Last evening, after reading a couple of questions about nested radicals, I started to wonder about problems involving what I will term "alternating nested radicals;" below is an example, which I found here.
Prove the convergence of, and evaluate, $\sqrt{7 -\sqrt{7 + \sqrt{7…}}}$
It turns out that this nested radical converges to $2$, and this is not especially hard to argue on an ad-hoc basis. However, I became interested in the general solution of the problem of evaluating $\sqrt{q -\sqrt{q + \sqrt{q…}}} \text{ }\text{ }$ for an arbitrary positive real $q$. Despite some searching, I was not able to find a paper which stated a theorem on this, so I resorted to working it out for myself.
I have developed an argument which I believe gives the correct result for all $q > 1.$ I have checked its predictions against several alternating nested radicals, and they agree with computation.
Theorem: $\sqrt{q -\sqrt{q + \sqrt{q…}}} = \frac{\sqrt{1 + 4(q-1)}-1}{2}$
Argument: We make two significant assumptions:
- that $\sqrt{q -\sqrt{q + \sqrt{q…}}} \text{ }\text{ }$ converges; and,
- inspired by the fact that $\sqrt{q +\sqrt{q + \sqrt{q…}}} \text{ }\text{ } = x$ satisfies $x^2 – x – q = 0$, we assume that $\sqrt{q -\sqrt{q + \sqrt{q…}}} \text{ }\text{ } = x$ satisfies $x^2 + x – a$ for some $a$.
By the self-similarity of the alternating nested radical, we find
\begin{align}
\sqrt{q – \sqrt{q + x}} &= x \\
q – \sqrt{q + x} &= x^2 \\
&= a-x \\
\therefore q + x – \sqrt{q + x} &= a
\end{align}
Solving this as a quadratic in $\sqrt{q+x}$ yields $$\sqrt{q+x} = \frac{\sqrt{1 + 4a} + 1}{2}.$$ Again using our second assumption, we have $$x = \frac{\sqrt{1 + 4a} – 1}{2}.$$ But now
$$ \sqrt{q+x} – x = \frac{\sqrt{1 + 4a} + 1}{2} – \frac{\sqrt{1 + 4a} – 1}{2} = 1$$
and so we get
$$ q+x = (1+x)^2$$
and thus
$$ x^2 + x – (q-1) = 0.$$
Solving this quadratic for $x$ then gives the theorem.
I am pretty sure that my second assumption above would be impossible to defend; so, basically, I have the following questions:
- How can we rigorously prove that the alternating nested radical converges?
- How can we show, for a general $q$, that it converges to the value given in the theorem?

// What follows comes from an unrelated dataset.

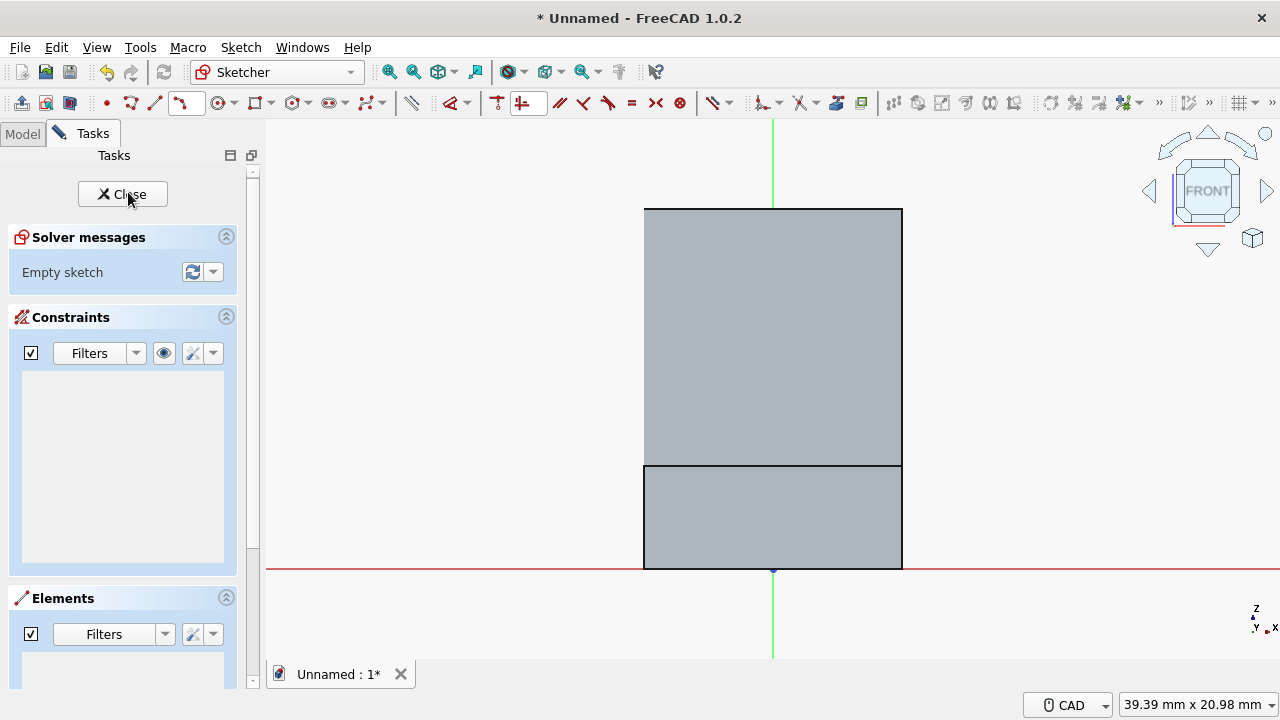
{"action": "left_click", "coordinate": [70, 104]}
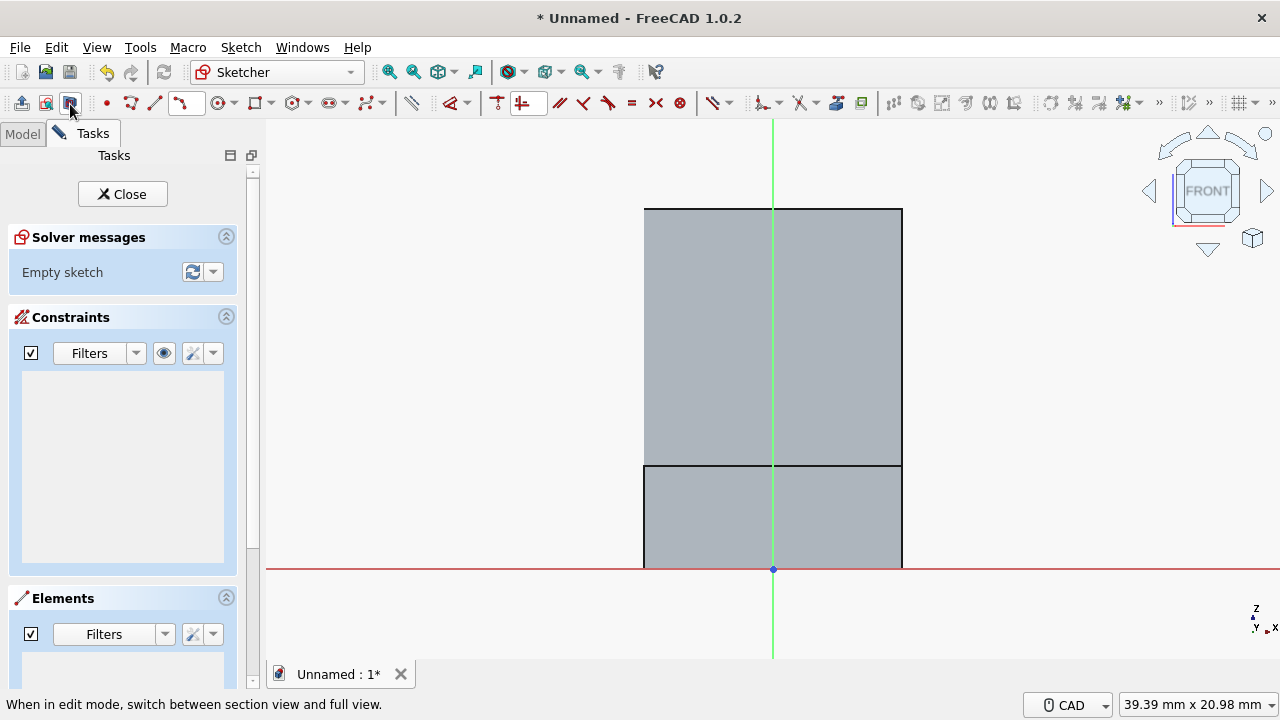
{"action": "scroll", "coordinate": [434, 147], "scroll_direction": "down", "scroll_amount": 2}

And one other thing: any general references to ubiquitous convergence theorems or techniques would be greatly appreciated!
Best Answer
Consider the function $f(x) = \sqrt{q - \sqrt{q+x}}$. If we don't want to allow square roots of negative numbers, we need $x \ge -q$ and $q \ge \sqrt{q+x}$, so $x \le q^2 - q$. On the interval $[-q, q^2 - q]$, $f$ is easily seen to be decreasing, with $$f'(x) = -\frac{1}{4 \sqrt{q - \sqrt{q+x}} \sqrt{q+x}}$$ Note also that $f(-q) = \sqrt{q}$ and $f(q^2-q) = 0$. $f$ has a unique fixed point on the interval as long as $q^2 - q \ge 0$, i.e. $q \ge 1$. This fixed point turns out to be $$p = \dfrac{-1+\sqrt{4q-3}}{2}$$ Now $f'(p) = -1$ for $q = 5/4$. When $q < 5/4$, $f'(p) < -1$ and the fixed point is unstable. When $q > 5/4$, $f'(p) > -1$ and the fixed point is stable. When that is true, there is some interval around $p$ such that the recursion $x_{n+1} = f(x_n)$, started at any $x_0$ in the interval, tends to the limit $p$. That gives some justification to identifying $\sqrt{q - \sqrt{q + \sqrt{q - \sqrt{\ldots}}}}$ as $p$.